WHAT YOU SHOULD DO: Using the entries that follow, write out the line containing "4. oxford shoe (353,18,466,148)", the line containing "19. cosmetic package (377,292,590,451)", and every line between them, exactly and nothing else.

Data items

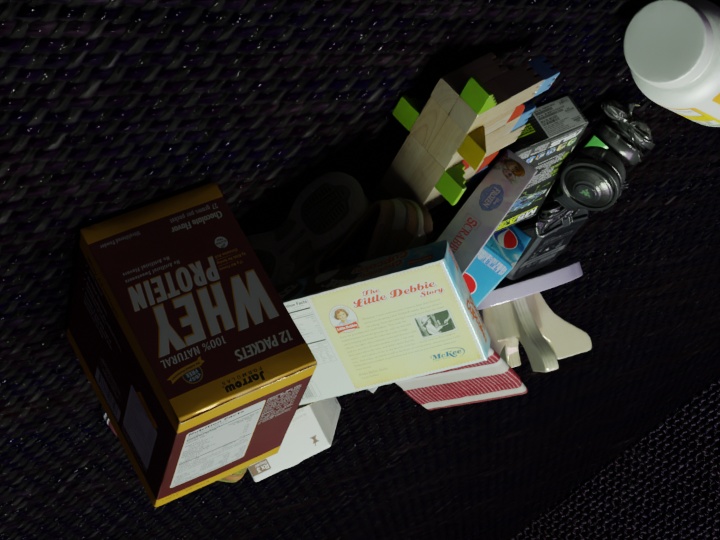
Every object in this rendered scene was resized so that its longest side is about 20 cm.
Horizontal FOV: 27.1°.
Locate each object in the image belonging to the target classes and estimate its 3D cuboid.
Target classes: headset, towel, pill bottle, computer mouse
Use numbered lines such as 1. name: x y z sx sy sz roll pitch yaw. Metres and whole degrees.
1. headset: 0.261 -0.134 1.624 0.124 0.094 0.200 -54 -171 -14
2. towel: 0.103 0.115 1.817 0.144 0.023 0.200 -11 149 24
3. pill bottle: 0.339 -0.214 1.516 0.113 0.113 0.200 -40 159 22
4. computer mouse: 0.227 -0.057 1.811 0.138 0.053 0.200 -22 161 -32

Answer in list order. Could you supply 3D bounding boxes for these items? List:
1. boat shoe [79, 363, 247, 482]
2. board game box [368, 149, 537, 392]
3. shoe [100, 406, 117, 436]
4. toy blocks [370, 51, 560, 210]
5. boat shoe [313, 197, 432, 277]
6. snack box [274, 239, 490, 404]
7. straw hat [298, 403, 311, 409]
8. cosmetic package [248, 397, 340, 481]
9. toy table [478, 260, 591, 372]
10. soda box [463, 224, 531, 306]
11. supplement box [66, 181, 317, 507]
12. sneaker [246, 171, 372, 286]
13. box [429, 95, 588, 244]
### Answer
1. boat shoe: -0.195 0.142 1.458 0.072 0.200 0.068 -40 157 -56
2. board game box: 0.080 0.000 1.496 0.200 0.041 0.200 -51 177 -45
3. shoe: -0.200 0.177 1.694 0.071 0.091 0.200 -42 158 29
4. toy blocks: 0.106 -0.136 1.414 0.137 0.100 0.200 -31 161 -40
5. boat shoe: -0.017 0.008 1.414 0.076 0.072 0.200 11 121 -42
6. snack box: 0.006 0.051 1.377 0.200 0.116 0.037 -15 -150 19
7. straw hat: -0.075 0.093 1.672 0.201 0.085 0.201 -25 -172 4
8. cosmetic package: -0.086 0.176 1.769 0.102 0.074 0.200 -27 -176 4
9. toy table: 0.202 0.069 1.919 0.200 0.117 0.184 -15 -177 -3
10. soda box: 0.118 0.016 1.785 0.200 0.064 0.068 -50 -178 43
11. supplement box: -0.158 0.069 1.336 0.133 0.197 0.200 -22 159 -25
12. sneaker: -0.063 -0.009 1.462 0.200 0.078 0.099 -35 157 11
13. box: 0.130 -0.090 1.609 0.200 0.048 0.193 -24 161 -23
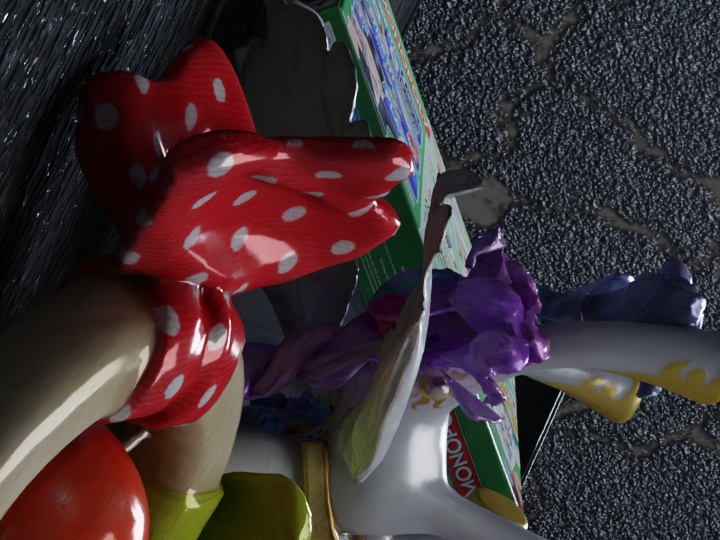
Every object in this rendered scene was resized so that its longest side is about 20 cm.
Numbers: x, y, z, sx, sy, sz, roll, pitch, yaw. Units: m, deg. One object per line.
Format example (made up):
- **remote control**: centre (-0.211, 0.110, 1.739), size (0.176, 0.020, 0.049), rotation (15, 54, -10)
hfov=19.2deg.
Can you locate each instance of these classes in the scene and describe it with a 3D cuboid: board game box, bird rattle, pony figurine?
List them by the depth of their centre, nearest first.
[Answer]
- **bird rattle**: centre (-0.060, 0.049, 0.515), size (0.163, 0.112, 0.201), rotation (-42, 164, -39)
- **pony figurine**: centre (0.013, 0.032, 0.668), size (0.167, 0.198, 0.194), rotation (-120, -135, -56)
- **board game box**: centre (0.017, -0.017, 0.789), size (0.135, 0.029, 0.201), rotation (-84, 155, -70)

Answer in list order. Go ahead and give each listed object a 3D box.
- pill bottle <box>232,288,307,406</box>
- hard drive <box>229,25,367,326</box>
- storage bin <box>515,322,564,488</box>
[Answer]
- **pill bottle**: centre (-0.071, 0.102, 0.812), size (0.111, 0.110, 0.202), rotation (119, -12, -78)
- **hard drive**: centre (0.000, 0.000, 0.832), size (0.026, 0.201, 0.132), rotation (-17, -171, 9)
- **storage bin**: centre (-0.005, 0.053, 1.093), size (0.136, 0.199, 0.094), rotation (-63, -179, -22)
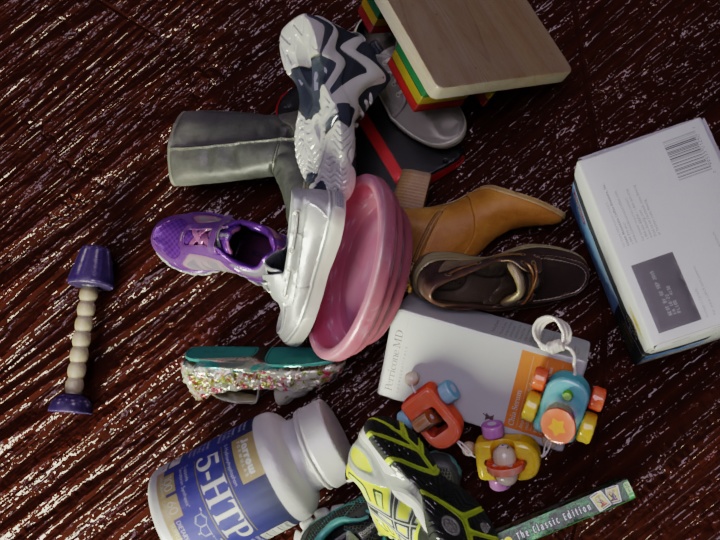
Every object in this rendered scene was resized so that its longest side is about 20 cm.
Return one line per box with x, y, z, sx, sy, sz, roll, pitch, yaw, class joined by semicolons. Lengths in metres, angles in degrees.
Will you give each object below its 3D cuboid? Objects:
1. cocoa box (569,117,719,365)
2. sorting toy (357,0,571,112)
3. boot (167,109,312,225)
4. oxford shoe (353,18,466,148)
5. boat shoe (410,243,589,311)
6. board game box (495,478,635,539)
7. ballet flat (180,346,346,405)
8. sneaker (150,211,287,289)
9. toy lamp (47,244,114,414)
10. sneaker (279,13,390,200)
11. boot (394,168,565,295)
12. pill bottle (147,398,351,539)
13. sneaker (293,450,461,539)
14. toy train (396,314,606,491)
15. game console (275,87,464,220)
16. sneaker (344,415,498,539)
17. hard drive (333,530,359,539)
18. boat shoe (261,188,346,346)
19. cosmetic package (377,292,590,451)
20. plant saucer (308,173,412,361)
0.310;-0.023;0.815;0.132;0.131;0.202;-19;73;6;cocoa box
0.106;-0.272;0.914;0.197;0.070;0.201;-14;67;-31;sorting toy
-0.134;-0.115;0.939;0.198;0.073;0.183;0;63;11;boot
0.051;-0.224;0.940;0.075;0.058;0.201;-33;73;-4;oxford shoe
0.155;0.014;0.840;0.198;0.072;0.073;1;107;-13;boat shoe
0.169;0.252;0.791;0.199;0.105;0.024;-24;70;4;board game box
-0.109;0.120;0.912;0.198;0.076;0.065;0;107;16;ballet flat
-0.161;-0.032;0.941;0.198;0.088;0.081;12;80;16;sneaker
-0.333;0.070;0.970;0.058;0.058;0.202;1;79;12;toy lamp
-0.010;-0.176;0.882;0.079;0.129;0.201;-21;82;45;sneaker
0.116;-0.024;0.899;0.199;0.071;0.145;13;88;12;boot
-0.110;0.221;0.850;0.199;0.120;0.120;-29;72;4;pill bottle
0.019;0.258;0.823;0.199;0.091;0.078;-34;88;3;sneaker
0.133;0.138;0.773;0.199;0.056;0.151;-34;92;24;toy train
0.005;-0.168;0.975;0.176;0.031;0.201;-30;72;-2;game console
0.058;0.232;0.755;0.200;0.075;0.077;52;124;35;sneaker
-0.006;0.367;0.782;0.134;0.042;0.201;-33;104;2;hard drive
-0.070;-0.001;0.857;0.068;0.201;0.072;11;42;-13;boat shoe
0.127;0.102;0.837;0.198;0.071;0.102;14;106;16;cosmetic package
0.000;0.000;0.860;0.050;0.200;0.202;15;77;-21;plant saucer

==

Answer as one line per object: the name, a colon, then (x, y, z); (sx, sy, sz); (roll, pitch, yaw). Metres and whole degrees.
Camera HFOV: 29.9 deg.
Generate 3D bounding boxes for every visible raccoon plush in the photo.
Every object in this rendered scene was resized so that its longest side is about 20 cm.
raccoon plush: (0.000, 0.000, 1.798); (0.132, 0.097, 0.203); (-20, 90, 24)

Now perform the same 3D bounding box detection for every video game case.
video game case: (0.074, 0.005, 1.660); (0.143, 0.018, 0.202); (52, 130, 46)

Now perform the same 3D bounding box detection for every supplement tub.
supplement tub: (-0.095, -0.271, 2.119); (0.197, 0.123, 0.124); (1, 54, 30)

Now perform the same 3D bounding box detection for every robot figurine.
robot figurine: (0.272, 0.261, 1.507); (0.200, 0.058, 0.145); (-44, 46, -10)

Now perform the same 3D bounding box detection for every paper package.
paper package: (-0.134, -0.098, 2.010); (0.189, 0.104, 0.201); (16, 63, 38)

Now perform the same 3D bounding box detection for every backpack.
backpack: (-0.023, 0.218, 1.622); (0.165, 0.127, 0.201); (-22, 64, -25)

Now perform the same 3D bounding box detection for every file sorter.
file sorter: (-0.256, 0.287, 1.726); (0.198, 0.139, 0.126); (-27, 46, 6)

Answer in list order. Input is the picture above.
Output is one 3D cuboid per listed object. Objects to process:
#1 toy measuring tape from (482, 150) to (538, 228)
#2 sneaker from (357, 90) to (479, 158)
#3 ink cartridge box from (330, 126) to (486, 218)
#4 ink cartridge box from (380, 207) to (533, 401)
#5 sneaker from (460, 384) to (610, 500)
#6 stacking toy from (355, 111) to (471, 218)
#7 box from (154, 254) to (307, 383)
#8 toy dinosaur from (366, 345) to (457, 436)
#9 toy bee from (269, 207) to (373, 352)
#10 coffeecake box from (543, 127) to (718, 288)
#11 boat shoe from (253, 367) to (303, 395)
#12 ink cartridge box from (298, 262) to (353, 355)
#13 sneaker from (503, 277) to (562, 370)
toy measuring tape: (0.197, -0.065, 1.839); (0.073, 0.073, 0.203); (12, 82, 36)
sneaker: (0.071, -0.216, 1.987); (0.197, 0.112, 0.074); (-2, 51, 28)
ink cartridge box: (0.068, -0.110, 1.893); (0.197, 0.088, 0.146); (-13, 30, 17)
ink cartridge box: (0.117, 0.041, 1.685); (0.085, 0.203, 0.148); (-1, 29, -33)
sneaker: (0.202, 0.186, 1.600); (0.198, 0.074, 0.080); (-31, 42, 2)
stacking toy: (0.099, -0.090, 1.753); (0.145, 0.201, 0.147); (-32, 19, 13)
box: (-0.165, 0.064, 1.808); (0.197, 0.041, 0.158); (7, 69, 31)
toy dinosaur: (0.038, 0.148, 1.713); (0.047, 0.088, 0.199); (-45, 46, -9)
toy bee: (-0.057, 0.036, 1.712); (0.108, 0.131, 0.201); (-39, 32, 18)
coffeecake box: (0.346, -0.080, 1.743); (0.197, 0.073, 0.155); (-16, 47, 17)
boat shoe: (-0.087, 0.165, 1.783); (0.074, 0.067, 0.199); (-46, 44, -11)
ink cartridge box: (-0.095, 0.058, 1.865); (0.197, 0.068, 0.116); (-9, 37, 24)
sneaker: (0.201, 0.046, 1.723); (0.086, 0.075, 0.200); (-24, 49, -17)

ANSWER FOR THE TASK:
4. oxford shoe (353,18,466,148)
5. boat shoe (410,243,589,311)
6. board game box (495,478,635,539)
7. ballet flat (180,346,346,405)
8. sneaker (150,211,287,289)
9. toy lamp (47,244,114,414)
10. sneaker (279,13,390,200)
11. boot (394,168,565,295)
12. pill bottle (147,398,351,539)
13. sneaker (293,450,461,539)
14. toy train (396,314,606,491)
15. game console (275,87,464,220)
16. sneaker (344,415,498,539)
17. hard drive (333,530,359,539)
18. boat shoe (261,188,346,346)
19. cosmetic package (377,292,590,451)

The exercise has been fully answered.